*** INFORMATION SHOWN

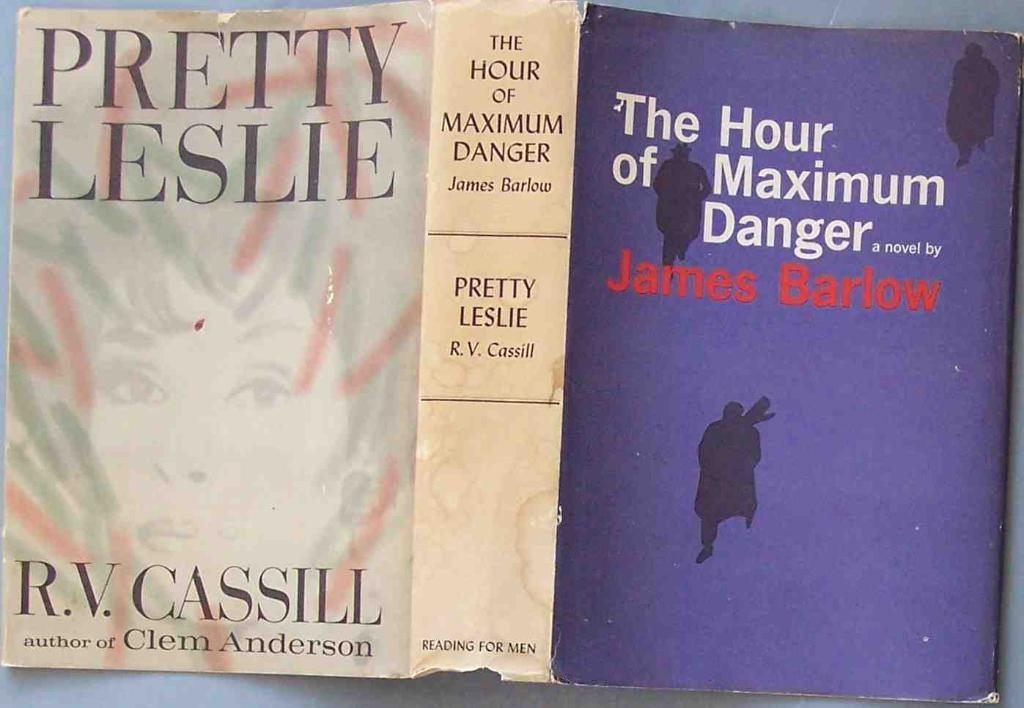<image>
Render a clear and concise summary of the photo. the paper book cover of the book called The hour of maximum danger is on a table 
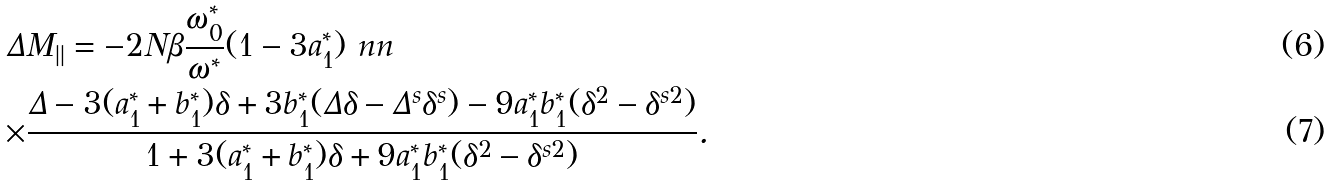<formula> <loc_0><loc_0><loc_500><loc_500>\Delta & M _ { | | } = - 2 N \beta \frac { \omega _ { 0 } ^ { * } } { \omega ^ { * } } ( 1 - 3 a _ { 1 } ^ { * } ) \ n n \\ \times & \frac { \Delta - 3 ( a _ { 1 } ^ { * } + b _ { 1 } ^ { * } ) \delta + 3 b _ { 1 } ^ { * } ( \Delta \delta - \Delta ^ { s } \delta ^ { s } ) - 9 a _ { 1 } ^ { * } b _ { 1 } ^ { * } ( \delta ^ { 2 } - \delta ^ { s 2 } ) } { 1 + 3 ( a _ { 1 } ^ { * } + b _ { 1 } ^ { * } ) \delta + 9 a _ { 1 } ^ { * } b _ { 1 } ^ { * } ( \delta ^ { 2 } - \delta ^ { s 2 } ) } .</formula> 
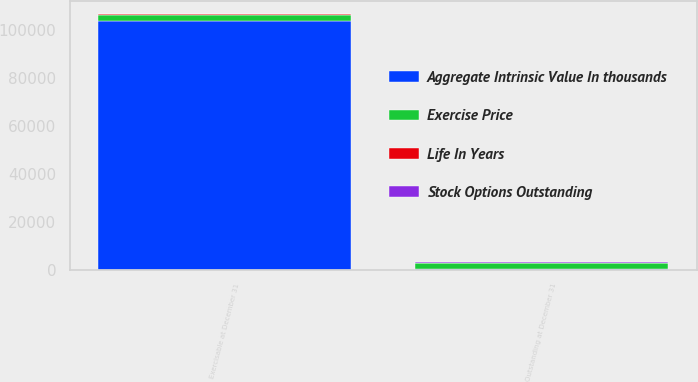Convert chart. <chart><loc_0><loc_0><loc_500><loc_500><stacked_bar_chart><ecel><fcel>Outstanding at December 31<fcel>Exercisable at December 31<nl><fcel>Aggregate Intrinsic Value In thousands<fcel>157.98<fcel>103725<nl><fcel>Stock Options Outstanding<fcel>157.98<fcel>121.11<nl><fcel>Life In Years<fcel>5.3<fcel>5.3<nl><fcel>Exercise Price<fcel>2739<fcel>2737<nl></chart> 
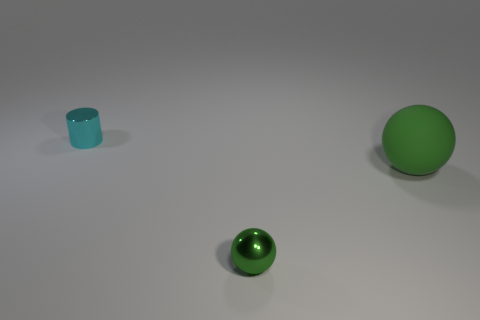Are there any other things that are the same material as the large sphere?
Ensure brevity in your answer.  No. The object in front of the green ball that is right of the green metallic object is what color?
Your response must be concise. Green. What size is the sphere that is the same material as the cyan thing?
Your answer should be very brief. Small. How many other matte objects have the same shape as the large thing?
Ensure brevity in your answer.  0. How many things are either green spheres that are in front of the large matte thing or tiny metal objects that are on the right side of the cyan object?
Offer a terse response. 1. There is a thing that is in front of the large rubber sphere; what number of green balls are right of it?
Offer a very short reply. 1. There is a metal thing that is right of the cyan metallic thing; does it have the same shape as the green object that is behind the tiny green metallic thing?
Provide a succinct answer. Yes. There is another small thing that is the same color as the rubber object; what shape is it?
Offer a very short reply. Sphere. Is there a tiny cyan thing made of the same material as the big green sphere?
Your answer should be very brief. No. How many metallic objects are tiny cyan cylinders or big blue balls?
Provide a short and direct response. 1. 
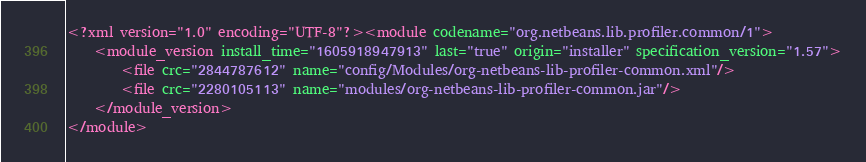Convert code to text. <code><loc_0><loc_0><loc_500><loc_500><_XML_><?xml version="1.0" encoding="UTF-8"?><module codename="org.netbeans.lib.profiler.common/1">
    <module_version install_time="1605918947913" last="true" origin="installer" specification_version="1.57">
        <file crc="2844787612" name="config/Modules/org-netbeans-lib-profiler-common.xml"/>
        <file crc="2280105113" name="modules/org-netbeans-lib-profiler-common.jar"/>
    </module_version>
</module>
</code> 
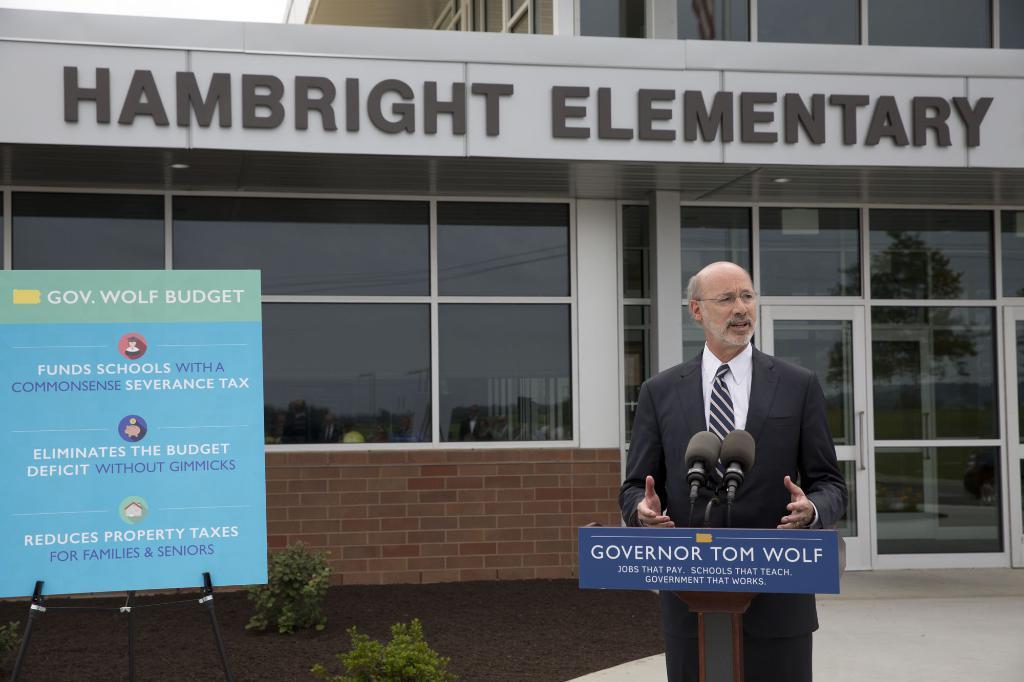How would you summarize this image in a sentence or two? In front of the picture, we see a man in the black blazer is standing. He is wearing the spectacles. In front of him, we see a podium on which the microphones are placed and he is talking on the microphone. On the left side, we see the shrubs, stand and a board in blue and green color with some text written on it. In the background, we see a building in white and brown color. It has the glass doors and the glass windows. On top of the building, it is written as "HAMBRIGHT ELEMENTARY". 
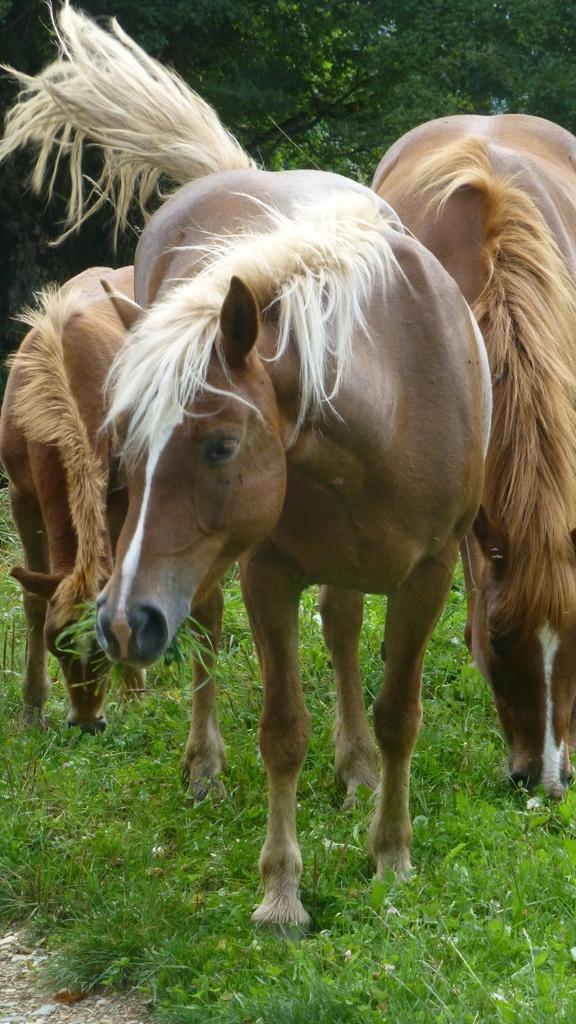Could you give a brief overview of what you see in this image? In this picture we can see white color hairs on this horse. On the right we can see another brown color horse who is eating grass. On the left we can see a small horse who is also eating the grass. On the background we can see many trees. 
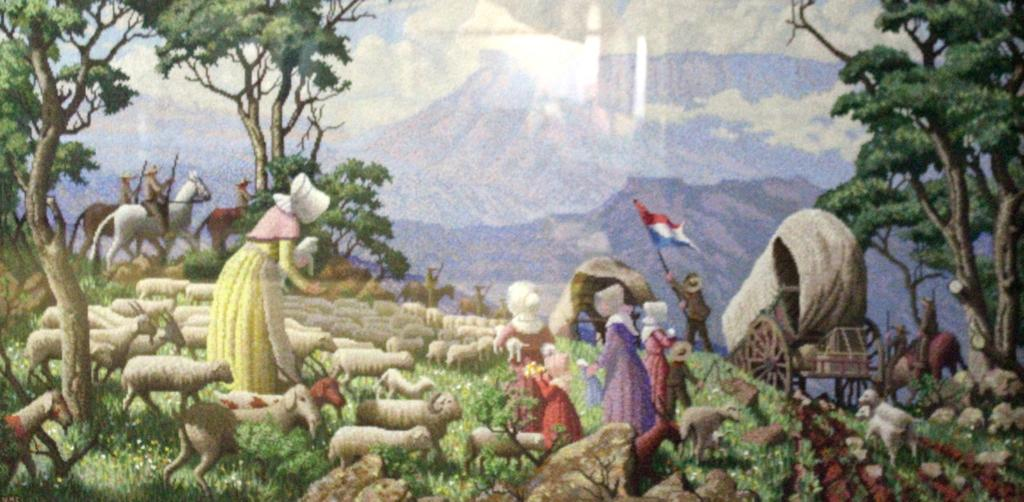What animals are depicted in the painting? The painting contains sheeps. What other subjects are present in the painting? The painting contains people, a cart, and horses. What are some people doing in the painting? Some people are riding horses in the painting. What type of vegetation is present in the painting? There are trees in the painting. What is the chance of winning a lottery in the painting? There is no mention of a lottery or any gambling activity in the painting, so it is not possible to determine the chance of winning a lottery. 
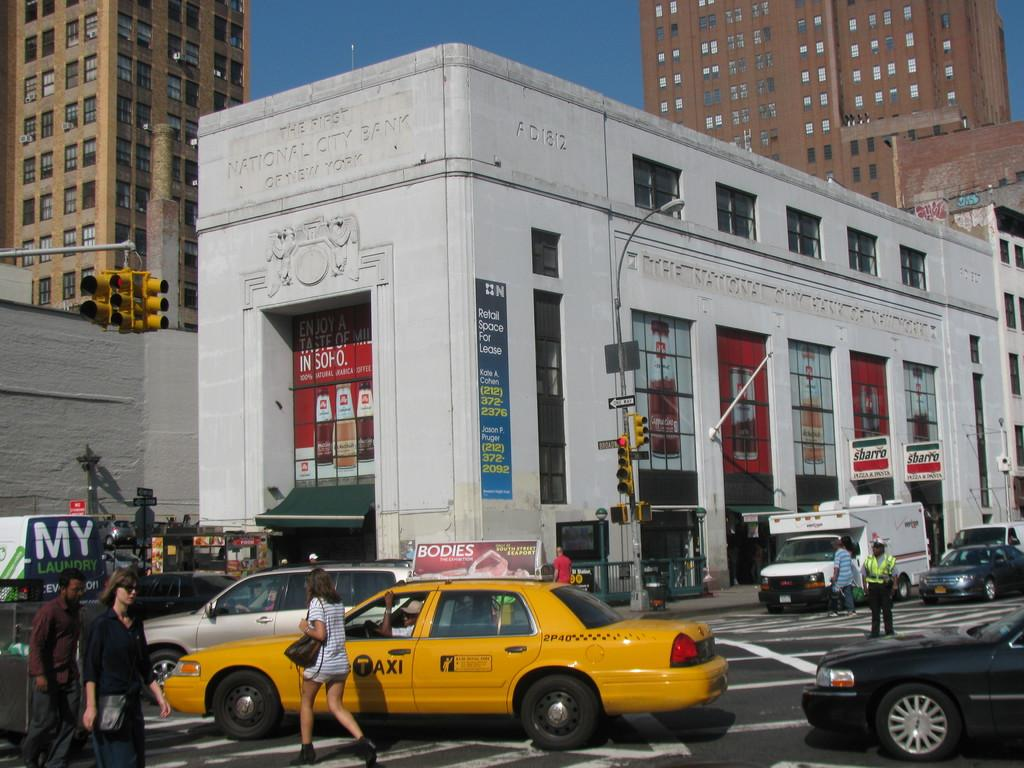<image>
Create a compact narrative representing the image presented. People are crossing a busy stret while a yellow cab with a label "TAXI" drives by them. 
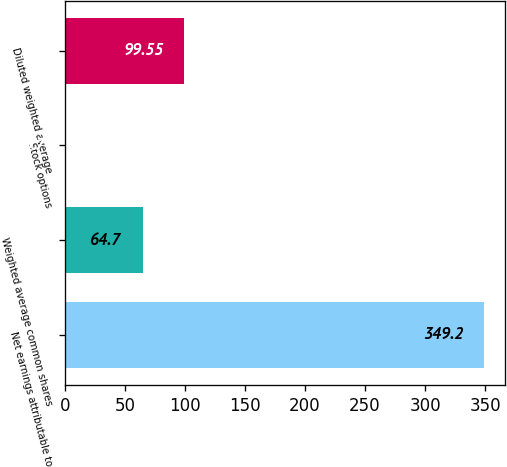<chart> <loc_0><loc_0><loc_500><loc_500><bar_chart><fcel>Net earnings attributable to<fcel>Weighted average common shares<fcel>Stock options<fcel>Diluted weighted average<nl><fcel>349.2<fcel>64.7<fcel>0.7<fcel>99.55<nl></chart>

******

Set every record down again verbatim, without pictures.

**ANSWER FOR THIS EXERCISE**
<image>
Render a clear and concise summary of the photo. the paper book cover of the book called The hour of maximum danger is on a table 
<formula> <loc_0><loc_0><loc_500><loc_500>\Delta & M _ { | | } = - 2 N \beta \frac { \omega _ { 0 } ^ { * } } { \omega ^ { * } } ( 1 - 3 a _ { 1 } ^ { * } ) \ n n \\ \times & \frac { \Delta - 3 ( a _ { 1 } ^ { * } + b _ { 1 } ^ { * } ) \delta + 3 b _ { 1 } ^ { * } ( \Delta \delta - \Delta ^ { s } \delta ^ { s } ) - 9 a _ { 1 } ^ { * } b _ { 1 } ^ { * } ( \delta ^ { 2 } - \delta ^ { s 2 } ) } { 1 + 3 ( a _ { 1 } ^ { * } + b _ { 1 } ^ { * } ) \delta + 9 a _ { 1 } ^ { * } b _ { 1 } ^ { * } ( \delta ^ { 2 } - \delta ^ { s 2 } ) } .</formula> 
Convert chart. <chart><loc_0><loc_0><loc_500><loc_500><stacked_bar_chart><ecel><fcel>Outstanding at December 31<fcel>Exercisable at December 31<nl><fcel>Aggregate Intrinsic Value In thousands<fcel>157.98<fcel>103725<nl><fcel>Stock Options Outstanding<fcel>157.98<fcel>121.11<nl><fcel>Life In Years<fcel>5.3<fcel>5.3<nl><fcel>Exercise Price<fcel>2739<fcel>2737<nl></chart> 
Are there any other things that are the same material as the large sphere?
Ensure brevity in your answer.  No. The object in front of the green ball that is right of the green metallic object is what color?
Your response must be concise. Green. What size is the sphere that is the same material as the cyan thing?
Your answer should be very brief. Small. How many other matte objects have the same shape as the large thing?
Ensure brevity in your answer.  0. How many things are either green spheres that are in front of the large matte thing or tiny metal objects that are on the right side of the cyan object?
Offer a terse response. 1. There is a thing that is in front of the large rubber sphere; what number of green balls are right of it?
Offer a very short reply. 1. There is a metal thing that is right of the cyan metallic thing; does it have the same shape as the green object that is behind the tiny green metallic thing?
Provide a succinct answer. Yes. There is another small thing that is the same color as the rubber object; what shape is it?
Offer a very short reply. Sphere. Is there a tiny cyan thing made of the same material as the big green sphere?
Your answer should be very brief. No. How many metallic objects are tiny cyan cylinders or big blue balls?
Provide a short and direct response. 1. 
Convert code to text. <code><loc_0><loc_0><loc_500><loc_500><_XML_><?xml version="1.0" encoding="UTF-8"?><module codename="org.netbeans.lib.profiler.common/1">
    <module_version install_time="1605918947913" last="true" origin="installer" specification_version="1.57">
        <file crc="2844787612" name="config/Modules/org-netbeans-lib-profiler-common.xml"/>
        <file crc="2280105113" name="modules/org-netbeans-lib-profiler-common.jar"/>
    </module_version>
</module>
</code> 
How would you summarize this image in a sentence or two? In front of the picture, we see a man in the black blazer is standing. He is wearing the spectacles. In front of him, we see a podium on which the microphones are placed and he is talking on the microphone. On the left side, we see the shrubs, stand and a board in blue and green color with some text written on it. In the background, we see a building in white and brown color. It has the glass doors and the glass windows. On top of the building, it is written as "HAMBRIGHT ELEMENTARY". 
Could you give a brief overview of what you see in this image? In this picture we can see white color hairs on this horse. On the right we can see another brown color horse who is eating grass. On the left we can see a small horse who is also eating the grass. On the background we can see many trees. 
What animals are depicted in the painting? The painting contains sheeps. What other subjects are present in the painting? The painting contains people, a cart, and horses. What are some people doing in the painting? Some people are riding horses in the painting. What type of vegetation is present in the painting? There are trees in the painting. What is the chance of winning a lottery in the painting? There is no mention of a lottery or any gambling activity in the painting, so it is not possible to determine the chance of winning a lottery. 
<image>
Create a compact narrative representing the image presented. People are crossing a busy stret while a yellow cab with a label "TAXI" drives by them. 
<chart> <loc_0><loc_0><loc_500><loc_500><bar_chart><fcel>Net earnings attributable to<fcel>Weighted average common shares<fcel>Stock options<fcel>Diluted weighted average<nl><fcel>349.2<fcel>64.7<fcel>0.7<fcel>99.55<nl></chart>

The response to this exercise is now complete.